Sur l’ Europe, en revanche, l’on ne peut, hélas, pas en dire autant ! Ne parlons pas des positions de Manuel Valls : la politique qu’il a menée à Matignon le disqualifiait d’emblée aux yeux des partisans de véritables changements. Mais Benoît Hamon lui-même -qui représente réellement une sensibilité de gauche- en est resté, sur les questions européennes, à des propositions trop générales pour être convaincantes. Ainsi, sur la question si sensible de la dette publique, on regrettera une affirmation du type : « La mutualisation de la dette européenne sera une question sur laquelle, vous verrez, les dirigeants allemands évolueront rapidement » ? Suggère-t-il, pour sortir du cercle vicieux des déficits publics et de la dette, de compter sur une prochaine conversion de Madame Merkel à la solidarité financière vis-à-vis de ses partenaires européens ?

Ma conviction est qu’il n’existe pas, sur ce point, d’échappatoire à une bataille d’idées de grande ampleur, de concert avec les forces progressistes du plus grand nombre de pays de l’UE possible, pour un changement radical des missions de la Banque centrale européenne (BCE). Celle-ci doit mobiliser son pouvoir de création monétaire de façon très sélective : à savoir en faveur des projets les plus créateurs d’emplois et les plus orientés vers l’élévation des qualifications des salariés. Et j’ajoute : les plus favorables au développement des nouvelles technologies dans cette même optique. Elle aidera ainsi les pays concernés à créer des richesses réelles qui leur permettront de rembourser ces emprunts (à taux très faibles) sans gonfler leur dette et sans avoir à se plier aux exigences des « investisseurs » du marché aux capitaux. Sans attendre, même dans le cadre des traités actuels, il est possible d’engager cette inversion des politiques de financement : la BCE peut parfaitement, dès à présent, financer un « Fonds européen de développement social et environnemental » qui, à son tour, prêtera aux Etats qui respectent les conditions évoquées ci-dessus. C’est uniquement une affaire de volonté politique, donc de rapports de force. C’est pourquoi il faut en faire l’objet d’une bataille populaire d’envergure. Pas seulement franco-françaises, mais, dans toute la mesure du possible, à l’échelle européenne.

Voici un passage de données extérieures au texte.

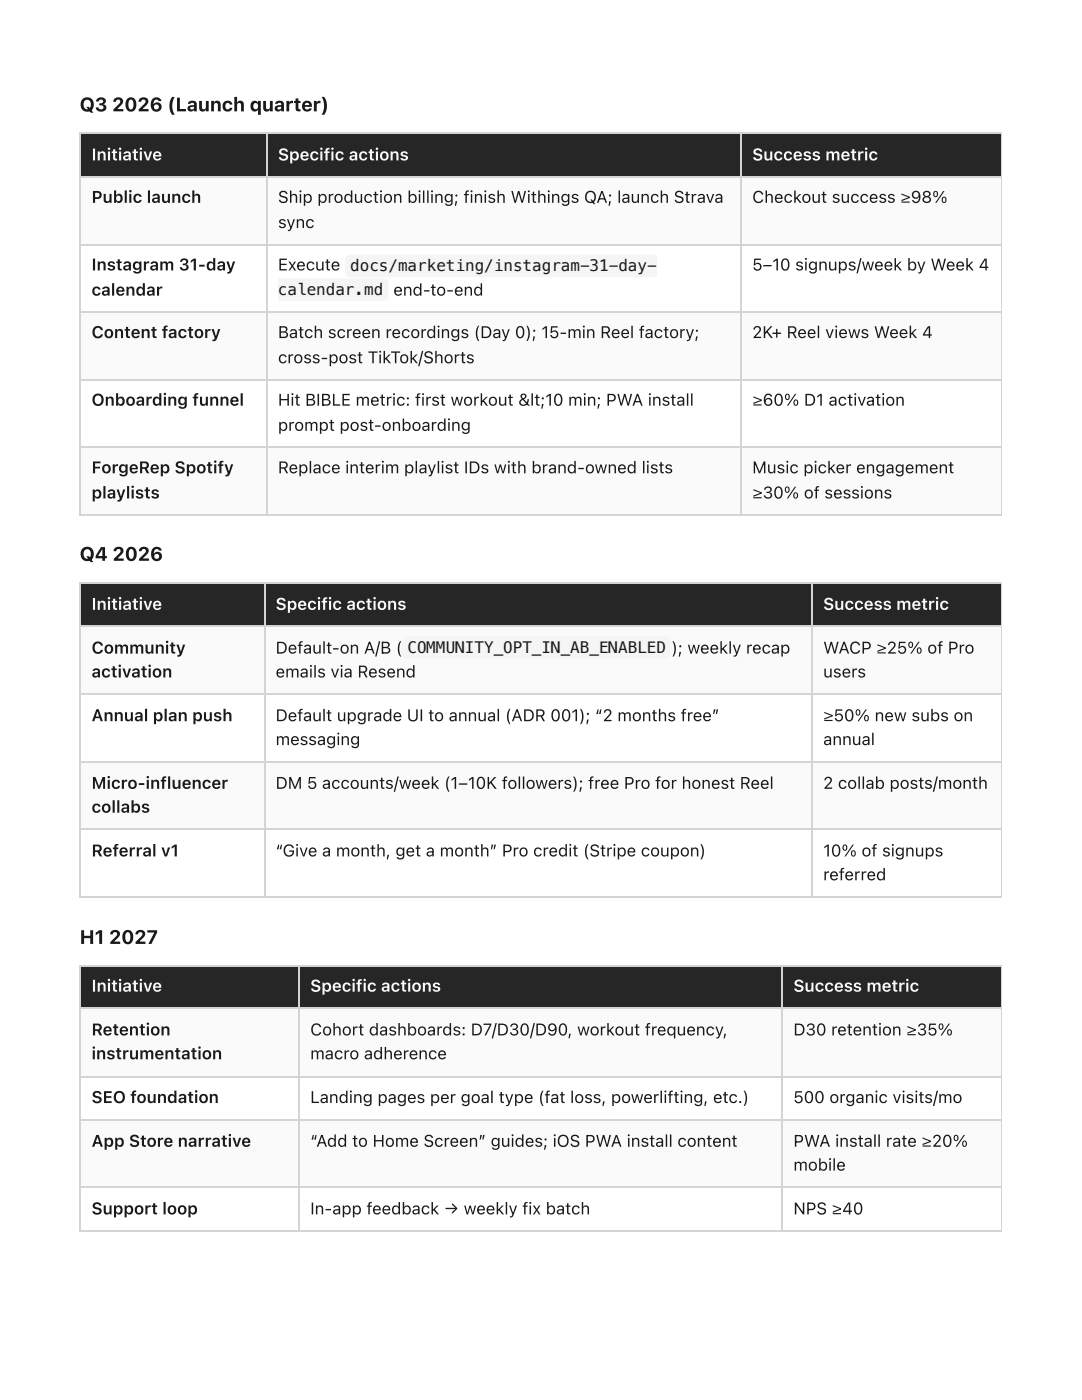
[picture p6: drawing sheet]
<svg xmlns="http://www.w3.org/2000/svg" width="216mm" height="279mm" viewBox="0 0 216 279" stroke-linecap="round" stroke-linejoin="round" font-family="sans-serif">
<defs><g id="words">
<g font-size="3.9" fill="#1c1917">
<text x="15.9" y="22.2">Q3</text>
<text x="22.4" y="22.2">2026 (Launch quarter)</text>
<text x="15.9" y="111.9">Q4</text>
<text x="22.4" y="111.9">2026</text>
<text x="15.9" y="188.4">H1</text>
<text x="21.7" y="188.4">2027</text>
</g>
<g font-size="3.3" fill="#fafaf9">
<text x="18.3" y="32">Initiative</text>
<text x="55.5" y="32">Specific actions</text>
<text x="150.1" y="32">Success metric</text>
<text x="18.3" y="121.7">Initiative</text>
<text x="55" y="121.7">Specific actions</text>
<text x="164.2" y="121.7">Success metric</text>
<text x="18.3" y="197.9">Initiative</text>
<text x="61.9" y="197.9">Specific actions</text>
<text x="158.3" y="197.9">Success metric</text>
</g>
<g font-size="3.3" fill="#1c1917">
<text x="18.3" y="40.5">Public launch</text>
<text x="55.5" y="40.5">Ship production billing; finish Withings QA; launch Strava</text>
<text x="150.1" y="40.5">Checkout success ≥98%</text>
<text x="55.5" y="45.5">sync</text>
<text x="18.3" y="54">Instagram 31-day</text>
<text x="55.5" y="54">Execute</text>
<text x="150.1" y="54">5–10 signups/week by Week 4</text>
<text x="18.3" y="59">calendar</text>
<text x="18.3" y="67.5">Content factory</text>
<text x="55.5" y="67.5">Batch screen recordings (Day 0); 15-min Reel factory;</text>
<text x="150.1" y="67.5">2K+ Reel views Week 4</text>
<text x="55.5" y="72.5">cross-post TikTok/Shorts</text>
<text x="18.3" y="81">Onboarding funnel</text>
<text x="55.5" y="81">Hit BIBLE metric: first workout &amp;lt;10 min; PWA install</text>
<text x="150.1" y="81">≥60% D1 activation</text>
<text x="55.5" y="86">prompt post-onboarding</text>
<text x="18.3" y="94.5">ForgeRep Spotify</text>
<text x="55.5" y="94.5">Replace interim playlist IDs with brand-owned lists</text>
<text x="150.1" y="94.5">Music picker engagement</text>
<text x="18.3" y="99.5">playlists</text>
<text x="150.1" y="99.5">≥30% of sessions</text>
<text x="18.3" y="130.4">Community</text>
<text x="55" y="130.4">Default-on A/B (</text>
<text x="164.2" y="130.4">WACP ≥25% of Pro</text>
<text x="18.3" y="135.2">activation</text>
<text x="55" y="135.2">emails via Resend</text>
<text x="164.2" y="135.2">users</text>
<text x="18.3" y="143.9">Annual plan push</text>
<text x="55" y="143.9">Default upgrade UI to annual (ADR 001); “2 months free”</text>
<text x="164.2" y="143.9">≥50% new subs on</text>
<text x="55" y="148.7">messaging</text>
<text x="164.2" y="148.7">annual</text>
<text x="18.3" y="157.4">Micro-influencer</text>
<text x="55" y="157.4">DM 5 accounts/week (1–10K followers); free Pro for honest Reel</text>
<text x="164.2" y="157.4">2 collab posts/month</text>
<text x="18.3" y="162.2">collabs</text>
<text x="18.3" y="170.9">Referral v1</text>
<text x="55" y="170.9">“Give a month, get a month” Pro credit (Stripe coupon)</text>
<text x="164.2" y="170.9">10% of signups</text>
<text x="164.2" y="175.7">referred</text>
<text x="18.3" y="206.6">Retention</text>
<text x="61.9" y="206.6">Cohort dashboards: D7/D30/D90, workout frequency,</text>
<text x="158.3" y="206.6">D30 retention ≥35%</text>
<text x="18.3" y="211.4">instrumentation</text>
<text x="61.9" y="211.4">macro adherence</text>
<text x="18.3" y="220.1">SEO foundation</text>
<text x="61.9" y="220.1">Landing pages per goal type (fat loss, powerlifting, etc.)</text>
<text x="158.3" y="220.1">500 organic visits/mo</text>
<text x="18.3" y="228.9">App Store narrative</text>
<text x="61.9" y="228.9">“Add to Home Screen” guides; iOS PWA install content</text>
<text x="158.3" y="228.9">PWA install rate ≥20%</text>
<text x="158.3" y="233.6">mobile</text>
<text x="18.3" y="242.4">Support loop</text>
<text x="61.9" y="242.4">In-app feedback → weekly fix batch</text>
<text x="158.3" y="242.4">NPS ≥40</text>
</g>
<g font-size="3.2" fill="#1c1917">
<text x="55.5" y="58.8">calendar.md end-to-end</text>
<text x="69.9" y="54.1">docs/marketing/instagram-31-day-</text>
<text x="81.3" y="130.3">COMMUNITY_OPT_IN_AB_ENABLED ); weekly recap</text>
</g>
</g></defs>
<g fill="#292524">
<path d="M16.1 26.5h37.1v8.7h-37.1z"/>
<path d="M53.2 26.5h94.7v8.7h-94.7z"/>
<path d="M147.9 26.5h51.9v8.7h-51.9z"/>
</g>
<g fill="#fafaf9">
<path d="M16.1 35.2h37.1v13.5h-37.1z"/>
<path d="M53.2 35.2h94.7v13.5h-94.7z"/>
<path d="M147.9 35.2h51.9v13.5h-51.9z"/>
<path d="M16.1 62.2h37.1v13.5h-37.1z"/>
<path d="M53.2 62.2h94.7v13.5h-94.7z"/>
<path d="M147.9 62.2h51.9v13.5h-51.9z"/>
<path d="M16.1 89.2h37.1v13.5h-37.1z"/>
<path d="M53.2 89.2h94.7v13.5h-94.7z"/>
<path d="M147.9 89.2h51.9v13.5h-51.9z"/>
</g>
<path d="M15.9 26.6h183.9M15.9 35.3h183.9M16 26.5v76.4M53.3 26.5v76.4M147.8 26.5v76.4M15.9 48.8h183.9M15.9 62.3h183.9M15.9 75.8h183.9M15.9 89.3h183.9M15.9 102.8h183.9" fill="none" stroke="#d6d3d1" stroke-width=".26"/>
<path d="M199.8 26.5v76.4" fill="none" stroke="#d6d3d1" stroke-width=".2"/>
<g fill="#292524">
<path d="M16.1 116.4h36.6v8.7h-36.6z"/>
<path d="M52.7 116.4h109.2v8.7h-109.2z"/>
<path d="M161.9 116.4h37.9v8.7h-37.9z"/>
</g>
<g fill="#fafaf9">
<path d="M16.1 125.1h36.6v13.5h-36.6z"/>
<path d="M52.7 125.1h109.2v13.5h-109.2z"/>
<path d="M161.9 125.1h37.9v13.5h-37.9z"/>
<path d="M16.1 152.1h36.6v13.5h-36.6z"/>
<path d="M52.7 152.1h109.2v13.5h-109.2z"/>
<path d="M161.9 152.1h37.9v13.5h-37.9z"/>
</g>
<path d="M15.9 116.3h183.9M16 116.2v62.9M52.8 116.2v62.9M162.1 116.2v62.9M15.9 125h183.9M15.9 138.5h183.9M15.9 152h183.9M15.9 165.5h183.9M15.9 179h183.9" fill="none" stroke="#d6d3d1" stroke-width=".26"/>
<path d="M199.8 116.2v62.9" fill="none" stroke="#d6d3d1" stroke-width=".2"/>
<g fill="#292524">
<path d="M16.1 192.6h43.4v8.7h-43.4z"/>
<path d="M59.5 192.6h96.6v8.7h-96.6z"/>
<path d="M156.1 192.6h43.7v8.7h-43.7z"/>
</g>
<g fill="#fafaf9">
<path d="M16.1 201.3h43.4v13.5h-43.4z"/>
<path d="M59.5 201.3h96.6v13.5h-96.6z"/>
<path d="M156.1 201.3h43.7v13.5h-43.7z"/>
<path d="M16.1 223.6h43.4v13.5h-43.4z"/>
<path d="M59.5 223.6h96.6v13.5h-96.6z"/>
<path d="M156.1 223.6h43.7v13.5h-43.7z"/>
</g>
<path d="M15.9 192.7h183.9M16 192.6v53.2M59.7 192.6v53.2M156 192.6v53.2M15.9 201.2h183.9M15.9 215h183.9M15.9 223.4h183.9M15.9 236.9h183.9M15.9 245.7h183.9" fill="none" stroke="#d6d3d1" stroke-width=".26"/>
<path d="M199.8 192.6v53.2" fill="none" stroke="#d6d3d1" stroke-width=".2"/>
<g fill="#f5f5f4">
<path d="M69.1 51.1l.7-.3h61.2v4.5h-61.2a1.06 1.06 0 0 1-1-1.1v-2.5z"/>
<path d="M55.5 55.6h21a1.06 1.06 0 0 1 1 1v2.4a1.06 1.06 0 0 1-1 1.1h-21z"/>
<path d="M80.5 127.3l.7-.3h51.6a1.06 1.06 0 0 1 1.1 1.1v2.3a1.06 1.06 0 0 1-1.1 1.1h-51.6a1.06 1.06 0 0 1-1-1.1v-2.5z"/>
</g>
<use href="#words"/>
</svg>

C’est aussi pourquoi je ne trouve pas très heureuses des formulations ambiguës, comme « sortir des traités européens » (Jean-Luc Mélenchon). Je crains que les forces authentiquement de gauche n’aient -surtout dans le contexte actuel- rien à gagner à instiller dans leur discours cette idée de « sortir », propice à toutes sortes d’interprétations. Parlons plutôt de « rupture » avec la logique des traités actuels. Ainsi, il sera clair pour toutes et pour tous que notre choix n’est pas de nous retirer du cadre européen, mais d’agir en son sein pour sa transformation en une construction démocratique et solidaire. Un ensemble fondé sur des coopérations librement décidées par ses membres. Ce que les communistes appellent une « Union de nations et de peuples souverains et associés » répondant aux aspirations souvent convergentes , mais parfois spécifiques, de ses composantes. Bref, nous gagnerions tous, à gauche, à confronter nos points de vue.

Pierre Laurent a raison lorsqu’il appelle à « poursuivre le débat de propositions » à gauche pour nourrir une dynamique constructive, rassembleuse et gagnante.